A little less than twenty-four hours ago the uncertainty ended when I arrived and moved in, but then the waiting returned. I was under self-isolation until this afternoon, when I got my negative COVID test back, and even now that I can go outside, there isn’t much to do in the two days before teacher-prep begins. I know I shouldn’t complain; an entire house to myself is more than I ever could have asked for. But I still feel a little like the winter caretakers of the Overlook Hotel in The Shining: more space than I need and nothing to do with it.
I’m glad to have certainty now, I really am, and the waiting will be over before too long. But certainty brings its own curse: once you know what you’re going to do, certain options are closed. Of course, a fifth year as a Grinnell student was never an option, but I’m only beginning to fell nostalgic for college now that I know for sure that I’m doing something different. I nearly cried as I walked around the park where the Cross Country team would have its opening picnic every year, past the dorms where I’d lived and the houses where I’d timidly partied for the past four years. It’s hard seeing it empty, as though everyone who used to be here graduated alongside me and left for good, but I know that it would be harder to see the campus full and alive. If that were the case, odds are I’d slip into the New Student Orientation and be a freshman all over again.

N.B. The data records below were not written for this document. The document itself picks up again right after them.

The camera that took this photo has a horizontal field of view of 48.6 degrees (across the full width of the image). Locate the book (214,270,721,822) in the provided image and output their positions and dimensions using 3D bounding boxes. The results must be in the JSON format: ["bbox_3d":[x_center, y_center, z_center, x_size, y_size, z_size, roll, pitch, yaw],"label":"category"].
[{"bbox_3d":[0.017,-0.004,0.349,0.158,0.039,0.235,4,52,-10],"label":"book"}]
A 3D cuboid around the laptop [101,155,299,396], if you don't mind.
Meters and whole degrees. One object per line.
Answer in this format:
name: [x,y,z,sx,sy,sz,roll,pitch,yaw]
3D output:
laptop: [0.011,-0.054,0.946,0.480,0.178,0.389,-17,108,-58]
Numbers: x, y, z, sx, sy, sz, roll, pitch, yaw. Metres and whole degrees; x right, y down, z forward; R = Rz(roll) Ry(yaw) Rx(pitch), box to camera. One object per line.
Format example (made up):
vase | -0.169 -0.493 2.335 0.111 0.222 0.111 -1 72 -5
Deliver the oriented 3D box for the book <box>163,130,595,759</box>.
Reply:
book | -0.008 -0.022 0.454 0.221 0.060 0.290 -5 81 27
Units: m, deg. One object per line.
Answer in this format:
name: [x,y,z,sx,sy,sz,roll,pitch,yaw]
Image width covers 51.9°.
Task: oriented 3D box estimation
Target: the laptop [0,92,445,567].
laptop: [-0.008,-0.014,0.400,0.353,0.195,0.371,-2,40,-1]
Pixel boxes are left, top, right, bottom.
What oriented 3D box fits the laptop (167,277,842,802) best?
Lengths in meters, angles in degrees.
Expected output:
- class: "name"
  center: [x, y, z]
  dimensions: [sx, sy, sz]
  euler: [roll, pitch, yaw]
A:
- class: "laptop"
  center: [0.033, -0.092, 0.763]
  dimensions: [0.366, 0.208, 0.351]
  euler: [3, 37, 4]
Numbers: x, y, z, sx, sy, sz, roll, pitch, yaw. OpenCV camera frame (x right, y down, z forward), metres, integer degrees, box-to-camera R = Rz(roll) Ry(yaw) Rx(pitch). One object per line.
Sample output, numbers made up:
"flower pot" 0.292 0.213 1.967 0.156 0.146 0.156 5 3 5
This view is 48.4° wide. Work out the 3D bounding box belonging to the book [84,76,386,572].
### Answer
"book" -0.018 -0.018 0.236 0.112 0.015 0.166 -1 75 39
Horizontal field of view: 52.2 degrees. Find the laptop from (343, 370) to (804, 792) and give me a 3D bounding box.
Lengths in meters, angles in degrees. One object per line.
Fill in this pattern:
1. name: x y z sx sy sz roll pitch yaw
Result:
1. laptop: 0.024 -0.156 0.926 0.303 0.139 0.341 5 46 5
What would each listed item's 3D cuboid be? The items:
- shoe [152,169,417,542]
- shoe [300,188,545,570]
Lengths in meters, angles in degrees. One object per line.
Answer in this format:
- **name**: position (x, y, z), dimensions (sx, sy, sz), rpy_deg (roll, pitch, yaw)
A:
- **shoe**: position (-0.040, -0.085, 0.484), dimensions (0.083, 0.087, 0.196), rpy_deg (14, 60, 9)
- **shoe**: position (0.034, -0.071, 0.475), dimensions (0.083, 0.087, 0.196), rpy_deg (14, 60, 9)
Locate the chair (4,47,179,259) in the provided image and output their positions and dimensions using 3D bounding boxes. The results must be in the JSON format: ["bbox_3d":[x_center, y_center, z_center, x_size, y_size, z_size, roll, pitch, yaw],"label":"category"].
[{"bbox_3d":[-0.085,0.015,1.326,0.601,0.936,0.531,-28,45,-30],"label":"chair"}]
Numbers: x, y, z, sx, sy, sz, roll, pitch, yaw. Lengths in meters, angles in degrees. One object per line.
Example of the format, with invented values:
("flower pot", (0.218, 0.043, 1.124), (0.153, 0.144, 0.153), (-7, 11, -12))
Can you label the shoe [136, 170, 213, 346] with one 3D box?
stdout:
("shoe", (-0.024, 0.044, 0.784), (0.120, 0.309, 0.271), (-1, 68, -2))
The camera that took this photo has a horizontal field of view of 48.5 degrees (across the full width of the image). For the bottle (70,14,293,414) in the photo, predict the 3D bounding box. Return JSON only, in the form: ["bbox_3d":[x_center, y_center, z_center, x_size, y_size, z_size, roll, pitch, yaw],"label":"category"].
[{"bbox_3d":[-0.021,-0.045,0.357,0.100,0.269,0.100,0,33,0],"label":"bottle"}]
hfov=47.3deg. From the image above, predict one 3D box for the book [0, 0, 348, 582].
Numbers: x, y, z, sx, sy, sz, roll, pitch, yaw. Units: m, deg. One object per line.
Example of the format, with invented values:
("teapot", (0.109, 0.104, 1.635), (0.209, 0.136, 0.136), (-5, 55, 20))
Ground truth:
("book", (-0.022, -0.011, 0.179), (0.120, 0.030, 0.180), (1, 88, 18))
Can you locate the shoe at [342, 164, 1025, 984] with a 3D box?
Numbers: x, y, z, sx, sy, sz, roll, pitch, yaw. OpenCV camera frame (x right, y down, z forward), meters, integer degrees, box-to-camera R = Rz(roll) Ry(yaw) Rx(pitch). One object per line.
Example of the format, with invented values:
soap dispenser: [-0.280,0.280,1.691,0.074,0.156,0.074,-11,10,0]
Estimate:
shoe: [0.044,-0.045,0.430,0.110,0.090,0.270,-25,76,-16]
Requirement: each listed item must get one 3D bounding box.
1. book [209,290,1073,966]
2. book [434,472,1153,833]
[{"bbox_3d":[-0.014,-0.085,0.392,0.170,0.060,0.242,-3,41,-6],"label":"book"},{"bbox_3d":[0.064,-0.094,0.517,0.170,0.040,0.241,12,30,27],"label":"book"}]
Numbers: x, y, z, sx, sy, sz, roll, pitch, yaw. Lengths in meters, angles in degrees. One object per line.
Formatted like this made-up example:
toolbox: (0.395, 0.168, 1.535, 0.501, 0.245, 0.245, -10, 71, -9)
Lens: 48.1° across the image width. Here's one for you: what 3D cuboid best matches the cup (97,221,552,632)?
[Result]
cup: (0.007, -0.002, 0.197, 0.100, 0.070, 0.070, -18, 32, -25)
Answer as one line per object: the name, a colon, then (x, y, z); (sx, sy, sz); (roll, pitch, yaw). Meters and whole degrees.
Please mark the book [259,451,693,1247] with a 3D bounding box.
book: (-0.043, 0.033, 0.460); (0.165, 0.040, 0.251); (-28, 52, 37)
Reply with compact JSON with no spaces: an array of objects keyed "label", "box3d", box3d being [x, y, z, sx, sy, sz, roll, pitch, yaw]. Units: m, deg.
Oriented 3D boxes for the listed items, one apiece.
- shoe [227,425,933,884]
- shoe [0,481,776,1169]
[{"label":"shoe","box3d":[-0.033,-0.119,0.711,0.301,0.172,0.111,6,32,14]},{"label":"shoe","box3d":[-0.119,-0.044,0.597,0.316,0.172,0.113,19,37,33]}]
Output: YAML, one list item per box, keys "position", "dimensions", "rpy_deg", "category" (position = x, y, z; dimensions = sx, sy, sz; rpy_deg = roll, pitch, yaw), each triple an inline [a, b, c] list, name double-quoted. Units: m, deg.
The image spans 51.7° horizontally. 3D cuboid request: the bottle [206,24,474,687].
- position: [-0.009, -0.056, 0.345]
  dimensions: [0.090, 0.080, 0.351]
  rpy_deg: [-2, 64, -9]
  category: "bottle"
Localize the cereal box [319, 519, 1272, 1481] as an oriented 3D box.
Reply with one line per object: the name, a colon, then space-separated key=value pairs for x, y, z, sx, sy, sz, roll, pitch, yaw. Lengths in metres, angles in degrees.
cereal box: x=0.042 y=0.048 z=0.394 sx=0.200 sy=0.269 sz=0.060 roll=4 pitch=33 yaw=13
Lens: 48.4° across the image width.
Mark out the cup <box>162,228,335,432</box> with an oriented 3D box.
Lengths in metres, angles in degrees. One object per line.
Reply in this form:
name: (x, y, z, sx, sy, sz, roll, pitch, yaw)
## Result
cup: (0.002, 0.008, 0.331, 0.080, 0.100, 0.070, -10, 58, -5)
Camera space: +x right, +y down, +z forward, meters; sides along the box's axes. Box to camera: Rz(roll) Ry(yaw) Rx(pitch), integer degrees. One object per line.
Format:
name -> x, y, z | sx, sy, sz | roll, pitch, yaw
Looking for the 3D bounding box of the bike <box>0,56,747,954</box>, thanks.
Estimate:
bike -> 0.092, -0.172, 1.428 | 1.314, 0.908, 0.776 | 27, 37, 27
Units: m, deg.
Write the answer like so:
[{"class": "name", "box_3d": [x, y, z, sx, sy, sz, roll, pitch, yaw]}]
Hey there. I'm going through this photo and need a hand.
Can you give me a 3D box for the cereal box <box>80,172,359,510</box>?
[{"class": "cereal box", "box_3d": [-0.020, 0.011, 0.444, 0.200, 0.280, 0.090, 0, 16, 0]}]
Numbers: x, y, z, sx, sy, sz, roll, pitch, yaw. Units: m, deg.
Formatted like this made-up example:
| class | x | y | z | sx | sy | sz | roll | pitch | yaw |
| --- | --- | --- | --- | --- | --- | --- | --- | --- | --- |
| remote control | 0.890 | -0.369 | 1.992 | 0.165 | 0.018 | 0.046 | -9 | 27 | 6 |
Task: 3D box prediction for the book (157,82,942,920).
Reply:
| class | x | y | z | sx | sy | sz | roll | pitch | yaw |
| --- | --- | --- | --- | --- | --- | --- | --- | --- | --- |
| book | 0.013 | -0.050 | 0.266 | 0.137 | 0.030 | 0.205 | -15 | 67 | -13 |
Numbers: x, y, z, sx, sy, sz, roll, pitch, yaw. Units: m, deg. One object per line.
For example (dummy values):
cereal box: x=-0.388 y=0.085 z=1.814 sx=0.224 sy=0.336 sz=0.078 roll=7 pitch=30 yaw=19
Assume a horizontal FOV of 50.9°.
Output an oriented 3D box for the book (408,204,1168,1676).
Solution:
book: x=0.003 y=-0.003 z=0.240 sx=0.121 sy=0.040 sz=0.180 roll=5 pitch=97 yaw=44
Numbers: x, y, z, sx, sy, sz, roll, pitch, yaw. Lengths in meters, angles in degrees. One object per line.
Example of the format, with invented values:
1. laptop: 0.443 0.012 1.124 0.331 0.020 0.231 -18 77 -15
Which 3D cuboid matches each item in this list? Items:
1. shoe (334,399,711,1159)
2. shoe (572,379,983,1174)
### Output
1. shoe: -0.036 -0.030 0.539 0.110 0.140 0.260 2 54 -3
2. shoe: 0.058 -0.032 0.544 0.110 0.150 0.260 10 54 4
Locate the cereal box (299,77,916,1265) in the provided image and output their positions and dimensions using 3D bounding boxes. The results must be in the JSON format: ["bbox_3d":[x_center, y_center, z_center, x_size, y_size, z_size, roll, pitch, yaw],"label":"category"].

Which is a bizarre thing to want, because I was terrified my whole first semester of college, and nearly paralyzed my first week. I didn’t know if I’d pass my classes or make friends or choose a good major, and as though the immediate problems weren’t enough, I also worried myself sick that I’d never find a good job or love or happiness. But, while I remember all that, I have trouble taking my past self seriously because I have what he doesn’t: certainty. I know that I found passing grades and friends and love and happiness and more at this college. So all I see is what the scared little twerp I used to be had ahead of him, and I envy him for that.
And, if I use the same logic from my past self on my present, I think the real struggle right now is the same one I faced back home: waiting and uncertainty. A shorter wait, sure, and a narrower sort of uncertainty; I know that I’m going to student teach and I’m fairly sure I’ll be at least decent at it. But it’s less certainty than I had the past three times I came back to this campus, and I miss it. I’ll get past it once work starts up and I get started shaping this new part of my life. In the meantime, I guess I just have to wait.